TASK STATEMENT:
State how many lines in the records below contain the word "units". Nothing else is needed.

MATERIALS PROVIDED:
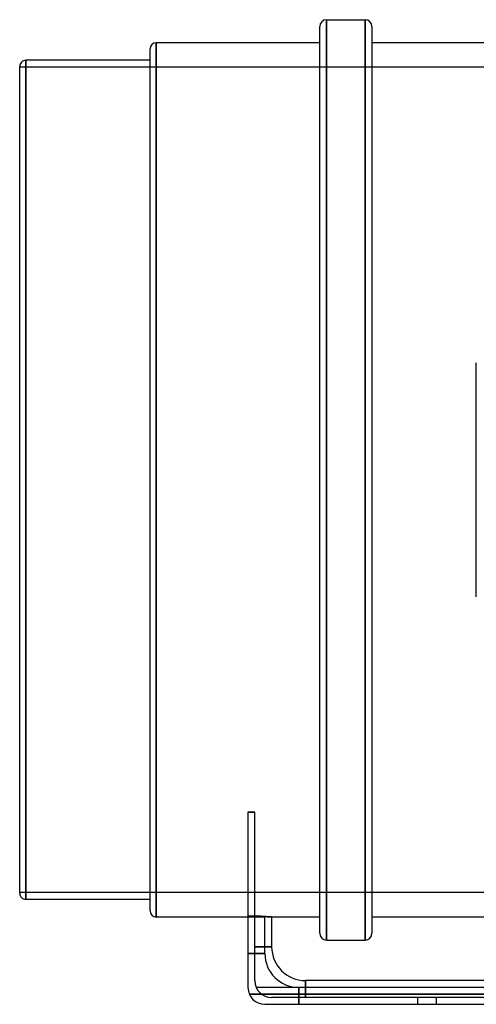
# Model space of a CAD drawing. Header units: millimetres. Extents: x -193 to 193, y -155 to 136.
# Tile 1 of 2: x -193 to -58, y -155 to 136. Entities that reach past the tile are written whole.
import ezdxf

# ---------------------------------------------------------------- set-up
doc = ezdxf.new("R2010")
doc.units = ezdxf.units.MM
doc.layers.add('HIDDEN', color=7, linetype='Continuous')
doc.layers.add('THICK', color=7, linetype='Continuous')

msp = doc.modelspace()

# ---------------------------------------------------------------- linework, layer by layer
at = {"layer": 'HIDDEN'}
for p, q in [((-102.22, 136), (-102.22, 0)), ((-90.78, 136), (-90.78, 0)), ((-152.6, 0), (-152.6, 129.2)), ((-191.2, 0), (-191.2, 124)), ((86.35, 122), (-193, 122)), ((-102.22, 0), (-102.22, -136)), ((-90.78, 0), (-90.78, -136)), ((-191.2, -124), (-191.2, 0)), ((-152.6, -129.2), (-152.6, 0)), ((-57.9, -34.6), (-57.9, -34.6)), ((-123.45, -98.17), (-125.45, -98.17)), ((86.35, -122), (-193, -122)), ((-124.95, -128.93), (-125.45, -128.91)), ((-125.45, -128.91), (-124.95, -128.93)), ((-120.45, -129.2), (-125.45, -129.2)), ((-124.47, -128.95), (-124.95, -128.93)), ((-124.95, -128.93), (-124.47, -128.95)), ((-124.02, -128.97), (-124.47, -128.95)), ((-124.47, -128.95), (-124.02, -128.97)), ((-123.59, -128.99), (-124.02, -128.97)), ((-124.02, -128.97), (-123.59, -128.99)), ((-123.19, -129.02), (-123.59, -128.99)), ((-123.59, -128.99), (-123.19, -129.02)), ((-122.95, -128.93), (-123.45, -128.91)), ((-122.81, -129.04), (-123.19, -129.02)), ((-123.19, -129.02), (-122.81, -129.04)), ((-122.47, -128.95), (-122.95, -128.93)), ((-122.45, -129.06), (-122.81, -129.04)), ((-122.81, -129.04), (-122.45, -129.06)), ((-122.02, -128.97), (-122.47, -128.95)), ((-122.12, -129.08), (-122.45, -129.06)), ((-122.45, -129.06), (-122.12, -129.08)), ((-121.81, -129.1), (-122.12, -129.08)), ((-122.12, -129.08), (-121.81, -129.1)), ((-121.59, -128.99), (-122.02, -128.97)), ((-121.52, -129.12), (-121.81, -129.1)), ((-121.81, -129.1), (-121.52, -129.12)), ((-121.19, -129.02), (-121.59, -128.99)), ((-121.27, -129.14), (-121.52, -129.12)), ((-121.52, -129.12), (-121.27, -129.14)), ((-121.05, -129.15), (-121.27, -129.14)), ((-121.27, -129.14), (-121.05, -129.15)), ((-120.81, -129.04), (-121.19, -129.02)), ((-120.87, -129.17), (-121.05, -129.15)), ((-121.05, -129.15), (-120.87, -129.17)), ((-120.72, -129.18), (-120.87, -129.17)), ((-120.87, -129.17), (-120.72, -129.18)), ((-120.45, -129.06), (-120.81, -129.04)), ((-120.6, -129.19), (-120.72, -129.18)), ((-120.72, -129.18), (-120.6, -129.19)), ((-120.51, -129.19), (-120.6, -129.19)), ((-120.6, -129.19), (-120.51, -129.19)), ((-120.47, -129.2), (-120.51, -129.19)), ((-120.51, -129.19), (-120.47, -129.2)), ((-120.45, -129.2), (-120.47, -129.2)), ((-120.47, -129.2), (-120.45, -129.2)), ((-120.12, -129.08), (-120.45, -129.06)), ((-120.45, -140), (-120.45, -129.2)), ((-119.81, -129.1), (-120.12, -129.08)), ((-119.52, -129.12), (-119.81, -129.1)), ((-119.27, -129.14), (-119.52, -129.12)), ((-119.05, -129.15), (-119.27, -129.14)), ((-118.87, -129.17), (-119.05, -129.15)), ((-118.72, -129.18), (-118.87, -129.17)), ((-118.6, -129.19), (-118.72, -129.18)), ((-118.51, -129.19), (-118.6, -129.19)), ((-118.47, -129.2), (-118.51, -129.19)), ((-118.45, -129.2), (-118.47, -129.2)), ((-118.45, -138), (-123.45, -138)), ((-125.45, -140), (-120.45, -140)), ((-120.45, -140), (-125.45, -140)), ((-123.45, -148), (-123.45, -148)), ((-123.45, -148), (-123.45, -148)), ((-108.45, -153), (-108.45, -148)), ((-125.45, -150), (-125.45, -150)), ((-125.45, -150), (-125.45, -150)), ((-110.45, -150), (-110.45, -155)), ((-110.45, -155), (-110.45, -150)), ((110.45, -150), (-110.45, -150)), ((-108.45, -150), (-108.45, -153)), ((-125.03, -152), (125.03, -152)), ((125.03, -152), (-125.03, -152)), ((-118.45, -153), (-118.45, -153)), ((-118.45, -153), (-118.45, -153)), ((-118.45, -153), (-118.45, -153)), ((-118.45, -153), (-118.45, -153)), ((-75.25, -155), (-75.25, -153)), ((-75.25, -155), (-75.25, -153)), ((-69.75, -153), (-69.75, -155)), ((-69.75, -153), (-69.75, -155)), ((-120.45, -155), (-120.45, -155)), ((-120.45, -155), (-120.45, -155)), ((-120.45, -155), (-120.45, -155)), ((-120.45, -155), (-120.45, -155))]:
    msp.add_line(p, q, dxfattribs=at)
msp.add_arc((-110.45, -140), 10, 180, 270, dxfattribs=at)
at = {"layer": 'THICK'}
for p, q in [((-104.22, 0), (-104.22, 134)), ((-102.22, 0), (-102.22, 136)), ((-102.22, 136), (-90.78, 136)), ((-90.78, 0), (-90.78, 136)), ((-88.78, 134), (-88.78, 0)), ((-152.6, 129.2), (-152.6, 0)), ((-104.22, 129.2), (-152.6, 129.2)), ((88.78, 129.2), (-88.78, 129.2)), ((-154.4, 0), (-154.4, 127.4)), ((-191.2, 124), (-191.2, 0)), ((-154.4, 124), (-191.2, 124)), ((-193, 0), (-193, 122.2)), ((-57.9, -34.6), (-57.9, 34.6)), ((-191.2, 0), (-191.2, -124)), ((-152.6, 0), (-152.6, -129.2)), ((-88.78, 0), (-88.78, -134)), ((-193, -122.2), (-193, 0)), ((-154.4, -127.4), (-154.4, 0)), ((-104.22, -134), (-104.22, 0)), ((-102.22, -136), (-102.22, 0)), ((-90.78, -136), (-90.78, 0)), ((-125.45, -98.17), (-123.45, -98.17)), ((-125.45, -98.17), (-125.45, -150)), ((-123.45, -148), (-123.45, -98.17)), ((-154.4, -124), (-191.2, -124)), ((-125.45, -129.2), (-152.6, -129.2)), ((-123.45, -128.91), (-122.95, -128.93)), ((-122.95, -128.93), (-122.47, -128.95)), ((-122.47, -128.95), (-122.02, -128.97)), ((-122.02, -128.97), (-121.59, -128.99)), ((-121.59, -128.99), (-121.19, -129.02)), ((-121.19, -129.02), (-120.81, -129.04)), ((-120.81, -129.04), (-120.45, -129.06)), ((-120.45, -129.06), (-120.12, -129.08)), ((-120.12, -129.08), (-119.81, -129.1)), ((-119.81, -129.1), (-119.52, -129.12)), ((-119.52, -129.12), (-119.27, -129.14)), ((-119.27, -129.14), (-119.05, -129.15)), ((-119.05, -129.15), (-118.87, -129.17)), ((-118.87, -129.17), (-118.72, -129.18)), ((-118.72, -129.18), (-118.6, -129.19)), ((-118.6, -129.19), (-118.51, -129.19)), ((-118.51, -129.19), (-118.47, -129.2)), ((-118.47, -129.2), (-118.45, -129.2)), ((-118.45, -129.2), (-118.45, -138)), ((-104.22, -129.2), (-118.45, -129.2)), ((88.78, -129.2), (-88.78, -129.2)), ((-102.22, -136), (-90.78, -136)), ((-123.45, -138), (-118.45, -138)), ((-108.45, -148), (-108.45, -150)), ((108.45, -148), (-108.45, -148)), ((123.03, -150), (-123.03, -150)), ((118.45, -153), (-118.45, -153)), ((-120.45, -155), (120.45, -155))]:
    msp.add_line(p, q, dxfattribs=at)
for centre, radius, start, end in [((-102.22, 134), 2, 90, 180), ((-90.78, 134), 2, 0, 90), ((-152.6, 127.4), 1.8, 90.0002, 180), ((-191.2, 122.2), 1.8, 89.9999, 180.0001), ((-191.2, -122.2), 1.8, 179.9999, 270.0001), ((-152.6, -127.4), 1.8, 180, 269.9998), ((-102.22, -134), 2, 180, 270), ((-90.78, -134), 2, 270, 0), ((-108.45, -138), 10, 180, 270), ((-118.45, -148), 5, 180, 270), ((-120.45, -150), 5, 180, 270)]:
    msp.add_arc(centre, radius, start, end, dxfattribs=at)

doc.saveas('drawing.dxf')

THE COMPLETED TASK:
2